*TASK ITEM:* Word for word, restate the lines of the data from the first through the one containing "name: (x, y, z);", and nothing else.

- - - -

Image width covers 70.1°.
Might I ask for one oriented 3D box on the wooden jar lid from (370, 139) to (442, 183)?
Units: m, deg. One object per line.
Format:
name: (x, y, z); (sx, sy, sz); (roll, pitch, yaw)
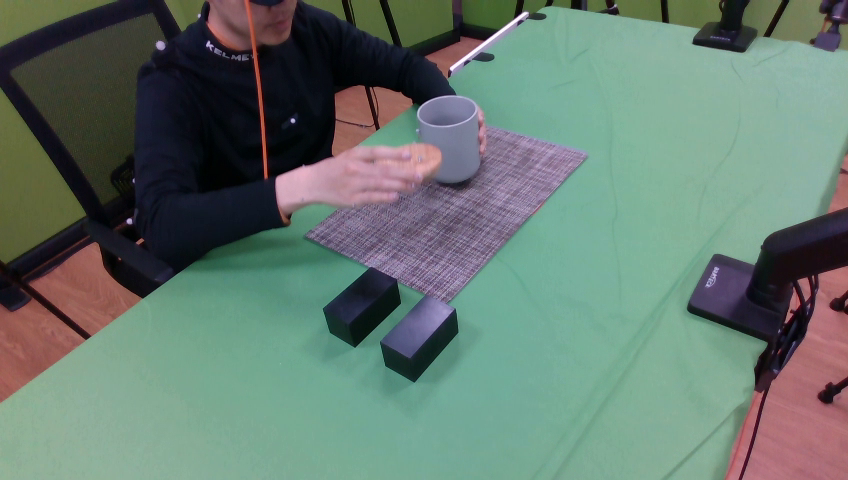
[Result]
wooden jar lid: (-0.025, -0.115, 0.888); (0.108, 0.021, 0.108); (-10, 33, 8)

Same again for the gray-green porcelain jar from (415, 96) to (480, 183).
gray-green porcelain jar: (0.044, -0.172, 1.063); (0.106, 0.127, 0.105); (-5, 42, 5)
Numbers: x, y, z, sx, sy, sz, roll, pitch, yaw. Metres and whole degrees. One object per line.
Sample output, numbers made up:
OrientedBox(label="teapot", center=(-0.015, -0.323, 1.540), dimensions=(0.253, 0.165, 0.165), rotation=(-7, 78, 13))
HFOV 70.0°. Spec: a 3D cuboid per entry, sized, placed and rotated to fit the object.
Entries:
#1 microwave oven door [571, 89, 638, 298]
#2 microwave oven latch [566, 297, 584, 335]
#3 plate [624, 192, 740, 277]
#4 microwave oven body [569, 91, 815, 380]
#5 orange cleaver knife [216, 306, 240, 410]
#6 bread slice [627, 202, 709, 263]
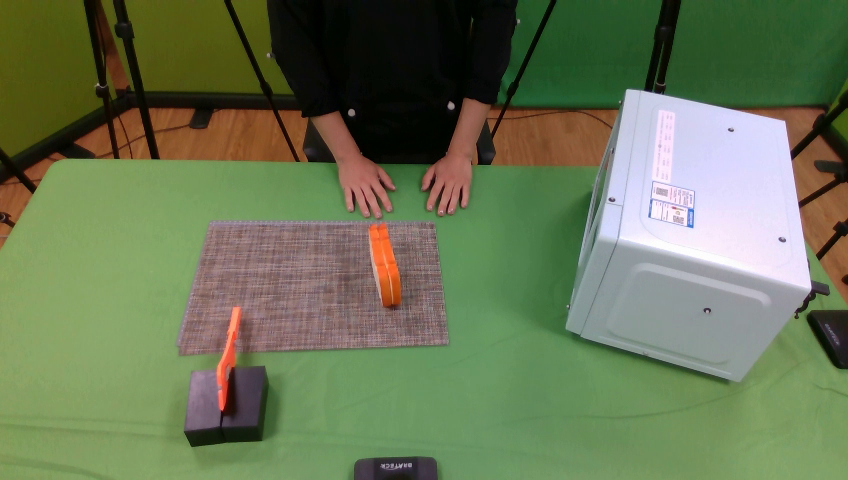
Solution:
OrientedBox(label="microwave oven door", center=(0.343, -0.091, 1.133), dimensions=(0.039, 0.245, 0.354), rotation=(15, 47, 10))
OrientedBox(label="microwave oven latch", center=(0.268, 0.126, 1.059), dimensions=(0.030, 0.029, 0.079), rotation=(16, 46, 12))
OrientedBox(label="plate", center=(0.481, -0.007, 1.144), dimensions=(0.208, 0.039, 0.206), rotation=(0, 48, 0))
OrientedBox(label="microwave oven body", center=(0.468, -0.022, 1.082), dimensions=(0.325, 0.261, 0.440), rotation=(15, 46, 11))
OrientedBox(label="orange cleaver knife", center=(-0.307, 0.180, 0.957), dimensions=(0.012, 0.077, 0.210), rotation=(-2, 25, -8))
OrientedBox(label="bread slice", center=(0.474, -0.022, 1.167), dimensions=(0.134, 0.018, 0.106), rotation=(-29, 54, -15))
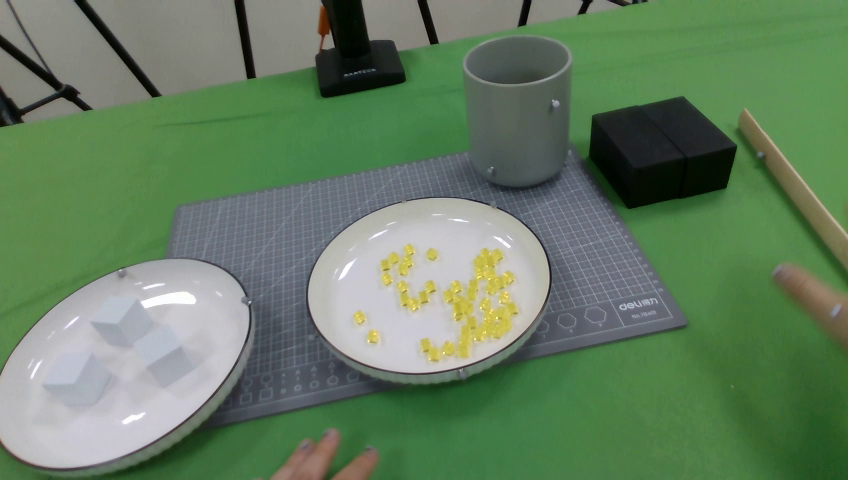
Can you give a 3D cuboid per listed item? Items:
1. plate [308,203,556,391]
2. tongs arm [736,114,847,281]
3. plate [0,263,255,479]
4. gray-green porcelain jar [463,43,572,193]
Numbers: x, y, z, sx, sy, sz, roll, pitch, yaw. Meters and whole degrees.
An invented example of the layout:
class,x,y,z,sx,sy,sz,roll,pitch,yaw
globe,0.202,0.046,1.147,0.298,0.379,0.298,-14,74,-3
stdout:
class,x,y,z,sx,sy,sz,roll,pitch,yaw
plate,0.007,0.046,0.522,0.207,0.039,0.205,-5,42,5
tongs arm,0.363,-0.002,0.528,0.028,0.028,0.383,-6,42,0
plate,-0.239,0.104,0.498,0.209,0.038,0.207,-6,42,6
gray-green porcelain jar,0.096,-0.121,0.624,0.106,0.128,0.105,-5,42,5
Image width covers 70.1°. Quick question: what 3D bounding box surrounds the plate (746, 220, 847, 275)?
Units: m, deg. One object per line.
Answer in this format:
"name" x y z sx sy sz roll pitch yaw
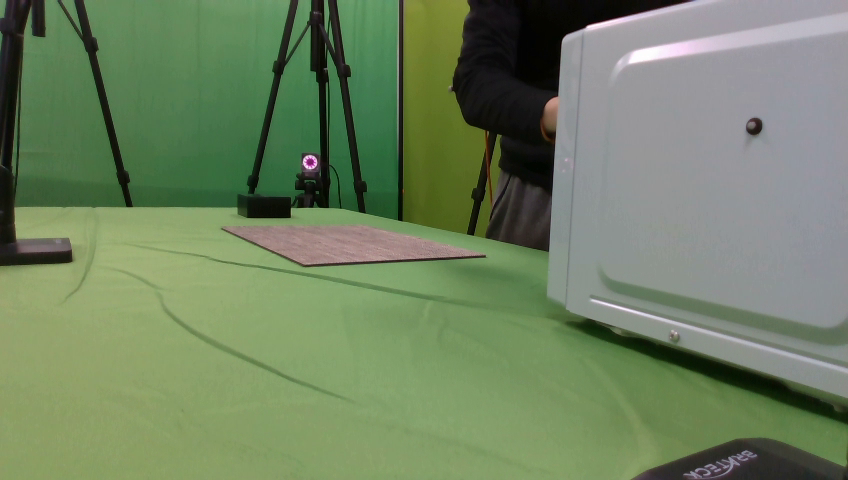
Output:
"plate" 0.408 0.008 0.552 0.209 0.038 0.209 3 6 0

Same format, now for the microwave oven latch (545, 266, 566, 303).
"microwave oven latch" 0.148 0.039 0.555 0.079 0.029 0.030 -2 7 -28

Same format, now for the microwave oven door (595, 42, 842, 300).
"microwave oven door" 0.338 -0.071 0.660 0.358 0.243 0.039 -2 8 -29

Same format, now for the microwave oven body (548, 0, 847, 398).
"microwave oven body" 0.379 -0.045 0.509 0.444 0.260 0.324 -2 8 -31
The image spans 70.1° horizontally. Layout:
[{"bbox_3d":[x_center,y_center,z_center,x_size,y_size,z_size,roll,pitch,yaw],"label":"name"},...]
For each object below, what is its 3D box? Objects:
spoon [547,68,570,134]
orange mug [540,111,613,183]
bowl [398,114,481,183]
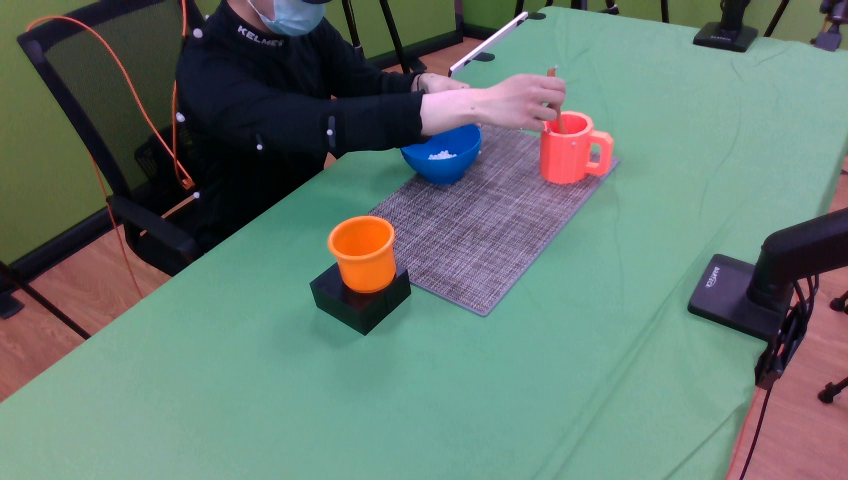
[{"bbox_3d":[0.227,-0.204,1.009,0.041,0.195,0.021,-14,40,15],"label":"spoon"},{"bbox_3d":[0.263,-0.159,1.052,0.125,0.101,0.083,12,44,28],"label":"orange mug"},{"bbox_3d":[0.031,-0.156,1.097,0.151,0.077,0.150,-4,41,4],"label":"bowl"}]
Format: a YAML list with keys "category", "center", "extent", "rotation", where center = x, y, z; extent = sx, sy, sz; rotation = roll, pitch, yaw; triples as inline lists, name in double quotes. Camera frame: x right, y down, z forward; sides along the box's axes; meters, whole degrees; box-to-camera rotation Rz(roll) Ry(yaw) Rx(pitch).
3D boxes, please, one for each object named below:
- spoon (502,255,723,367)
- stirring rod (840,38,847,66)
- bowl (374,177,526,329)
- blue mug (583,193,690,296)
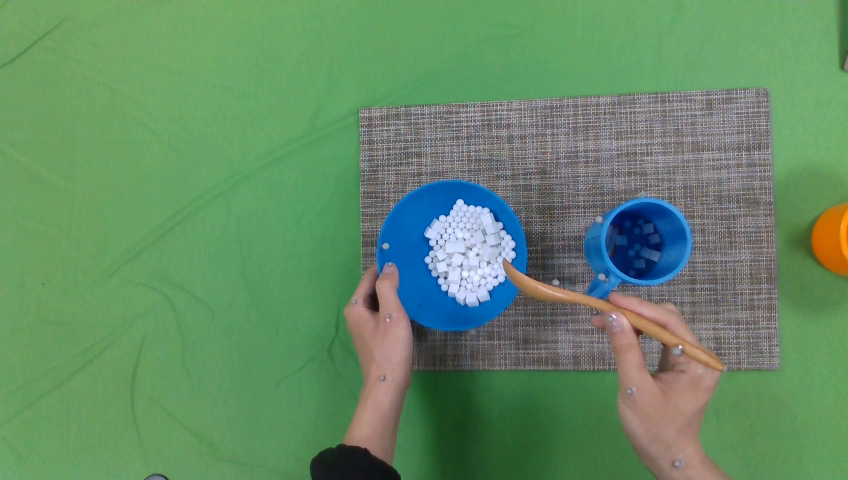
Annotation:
- category: "spoon"
  center: [0.134, 0.050, 0.465]
  extent: [0.192, 0.042, 0.021]
  rotation: [21, 75, 41]
- category: "stirring rod"
  center: [0.459, -0.269, 0.615]
  extent: [0.014, 0.006, 0.177]
  rotation: [6, 111, 1]
- category: "bowl"
  center: [0.026, 0.015, 0.630]
  extent: [0.151, 0.077, 0.151]
  rotation: [0, 87, 0]
- category: "blue mug"
  center: [0.200, 0.013, 0.612]
  extent: [0.082, 0.106, 0.116]
  rotation: [36, 92, 6]
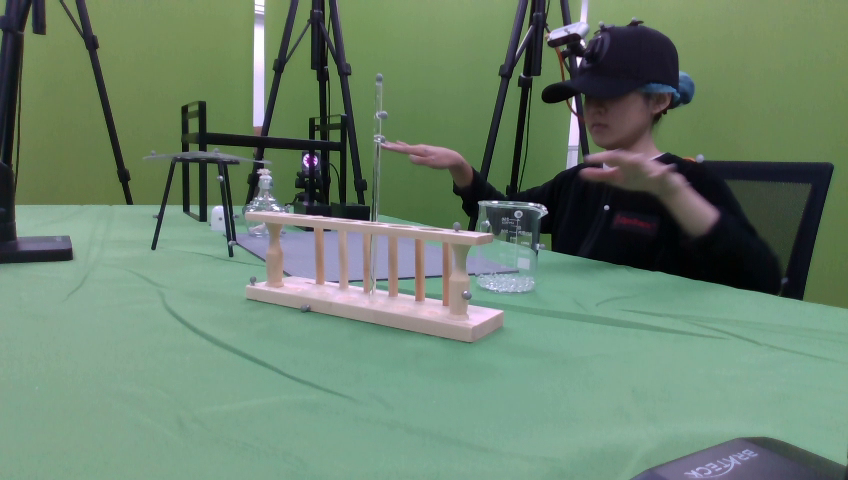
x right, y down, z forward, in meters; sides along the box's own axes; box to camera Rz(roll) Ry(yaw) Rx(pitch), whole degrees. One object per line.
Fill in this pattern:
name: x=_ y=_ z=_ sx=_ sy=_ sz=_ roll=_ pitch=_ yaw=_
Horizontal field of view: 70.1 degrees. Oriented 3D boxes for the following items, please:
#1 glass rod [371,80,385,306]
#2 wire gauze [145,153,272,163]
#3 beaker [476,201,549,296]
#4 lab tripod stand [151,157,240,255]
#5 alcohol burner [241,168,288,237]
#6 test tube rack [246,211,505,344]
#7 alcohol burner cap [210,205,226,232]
glass rod: x=-0.040 y=-0.039 z=0.530 sx=0.008 sy=0.199 sz=0.008 roll=2 pitch=2 yaw=0
wire gauze: x=-0.303 y=-0.117 z=0.854 sx=0.121 sy=0.011 sz=0.126 roll=7 pitch=8 yaw=34
beaker: x=0.098 y=0.009 z=0.680 sx=0.083 sy=0.100 sz=0.074 roll=8 pitch=9 yaw=32
lab tripod stand: x=-0.310 y=-0.052 z=0.866 sx=0.148 sy=0.131 sz=0.148 roll=2 pitch=6 yaw=0
alcohol burner: x=-0.272 y=-0.064 z=1.036 sx=0.078 sy=0.119 sz=0.078 roll=4 pitch=5 yaw=0
test tube rack: x=-0.049 y=0.025 z=0.547 sx=0.241 sy=0.085 sz=0.067 roll=7 pitch=8 yaw=29
alcohol burner cap: x=-0.376 y=-0.040 z=1.107 sx=0.034 sy=0.048 sz=0.034 roll=2 pitch=7 yaw=0
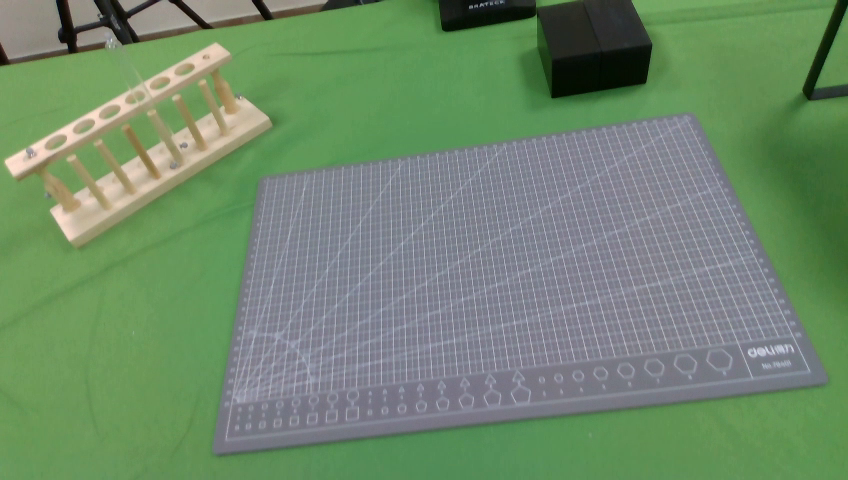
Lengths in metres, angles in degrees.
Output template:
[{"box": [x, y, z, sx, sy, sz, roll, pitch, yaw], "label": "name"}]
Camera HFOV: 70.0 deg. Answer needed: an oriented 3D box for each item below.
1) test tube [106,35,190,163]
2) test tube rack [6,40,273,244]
[{"box": [-0.272, -0.136, 0.603, 0.017, 0.152, 0.017, -5, 50, 6], "label": "test tube"}, {"box": [-0.290, -0.108, 0.643, 0.242, 0.086, 0.066, -38, 55, -19], "label": "test tube rack"}]
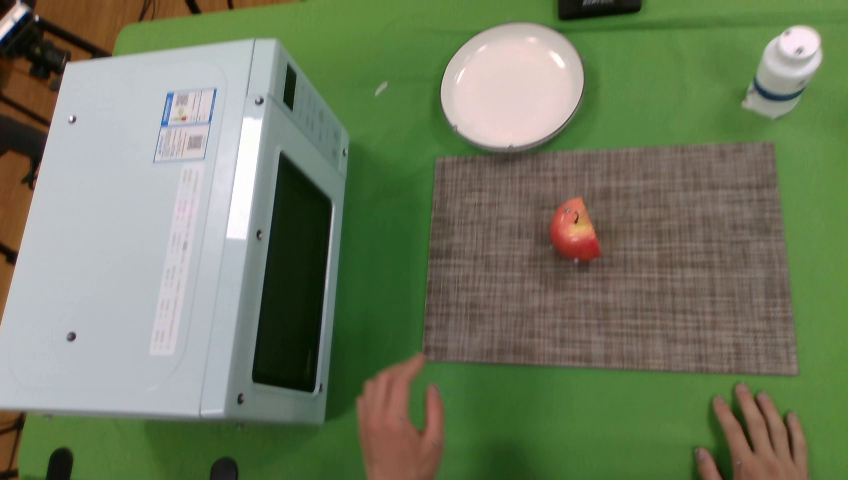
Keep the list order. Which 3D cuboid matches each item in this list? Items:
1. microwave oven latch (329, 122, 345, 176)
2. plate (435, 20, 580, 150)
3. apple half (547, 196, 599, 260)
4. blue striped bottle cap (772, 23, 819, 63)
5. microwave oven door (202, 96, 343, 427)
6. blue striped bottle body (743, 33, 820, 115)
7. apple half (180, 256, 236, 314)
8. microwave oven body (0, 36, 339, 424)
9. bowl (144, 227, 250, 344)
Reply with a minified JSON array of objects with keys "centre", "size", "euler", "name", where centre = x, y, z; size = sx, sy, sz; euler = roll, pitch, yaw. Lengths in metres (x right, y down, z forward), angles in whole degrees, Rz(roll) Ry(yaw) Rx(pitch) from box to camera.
[{"centre":[-0.134,-0.135,0.898],"size":[0.030,0.030,0.078],"euler":[-2,73,13],"name":"microwave oven latch"},{"centre":[0.121,-0.221,0.881],"size":[0.207,0.039,0.206],"euler":[-4,72,13],"name":"plate"},{"centre":[0.185,-0.009,0.772],"size":[0.053,0.075,0.080],"euler":[-21,72,11],"name":"apple half"},{"centre":[0.430,-0.228,0.702],"size":[0.044,0.021,0.044],"euler":[-4,74,14],"name":"blue striped bottle cap"},{"centre":[-0.170,0.041,0.740],"size":[0.039,0.246,0.353],"euler":[-2,72,14],"name":"microwave oven door"},{"centre":[0.443,-0.211,0.749],"size":[0.063,0.122,0.062],"euler":[-4,71,13],"name":"blue striped bottle body"},{"centre":[-0.290,0.060,0.800],"size":[0.081,0.033,0.081],"euler":[-1,87,10],"name":"apple half"},{"centre":[-0.309,0.009,0.792],"size":[0.325,0.262,0.439],"euler":[-2,73,13],"name":"microwave oven body"},{"centre":[-0.287,0.064,0.810],"size":[0.151,0.077,0.151],"euler":[-3,81,19],"name":"bowl"}]
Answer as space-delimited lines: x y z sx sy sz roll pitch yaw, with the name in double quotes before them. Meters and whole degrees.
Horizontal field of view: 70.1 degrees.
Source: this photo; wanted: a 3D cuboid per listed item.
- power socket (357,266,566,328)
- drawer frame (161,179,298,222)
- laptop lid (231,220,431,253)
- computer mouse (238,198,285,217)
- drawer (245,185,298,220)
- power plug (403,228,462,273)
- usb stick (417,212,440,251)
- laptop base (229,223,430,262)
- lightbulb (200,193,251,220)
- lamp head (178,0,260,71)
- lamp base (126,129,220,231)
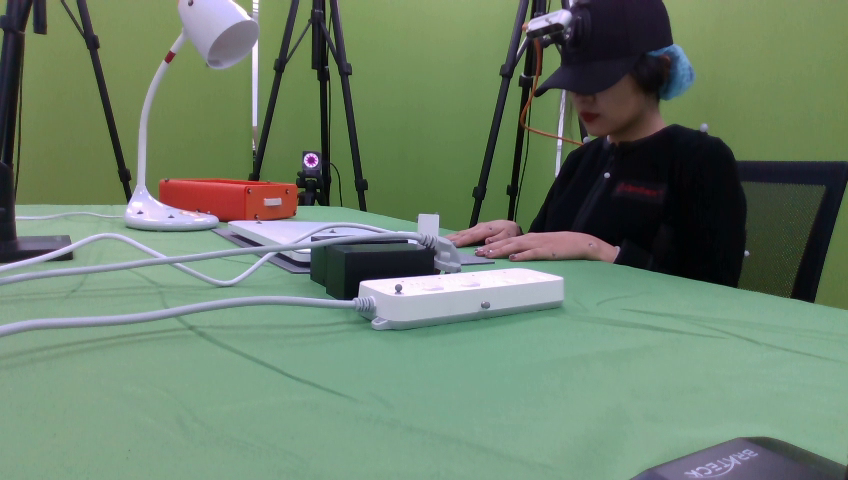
"power socket" 0.042 0.049 0.573 0.228 0.032 0.072 -3 8 -34
"drawer frame" -0.420 -0.089 1.328 0.213 0.082 0.202 4 8 18
"laptop lid" -0.142 -0.009 0.942 0.243 0.013 0.355 1 7 -31
"computer mouse" -0.354 -0.072 1.326 0.063 0.041 0.117 3 2 12
"drawer" -0.416 -0.087 1.329 0.211 0.073 0.195 4 8 18
"power plug" 0.006 0.016 0.647 0.073 0.052 0.035 17 12 -5
"usb stick" 0.005 -0.003 0.721 0.027 0.059 0.021 0 -3 -2
"laptop base" -0.145 0.002 0.943 0.237 0.023 0.352 2 6 -32
"lightbulb" -0.433 -0.079 1.320 0.108 0.059 0.059 -17 13 -16
"lamp head" -0.365 -0.368 1.038 0.123 0.112 0.112 42 14 6
"lamp base" -0.470 -0.111 1.105 0.179 0.180 0.160 1 7 6

- - - -

*RESULT OF THIS EXERCISE:*
Image width covers 70.1°.
Might I ask for one oriented 3D box on the wooden jar lid from (370, 139) to (442, 183)?
Units: m, deg. One object per line.
Format:
name: (x, y, z); (sx, sy, sz); (roll, pitch, yaw)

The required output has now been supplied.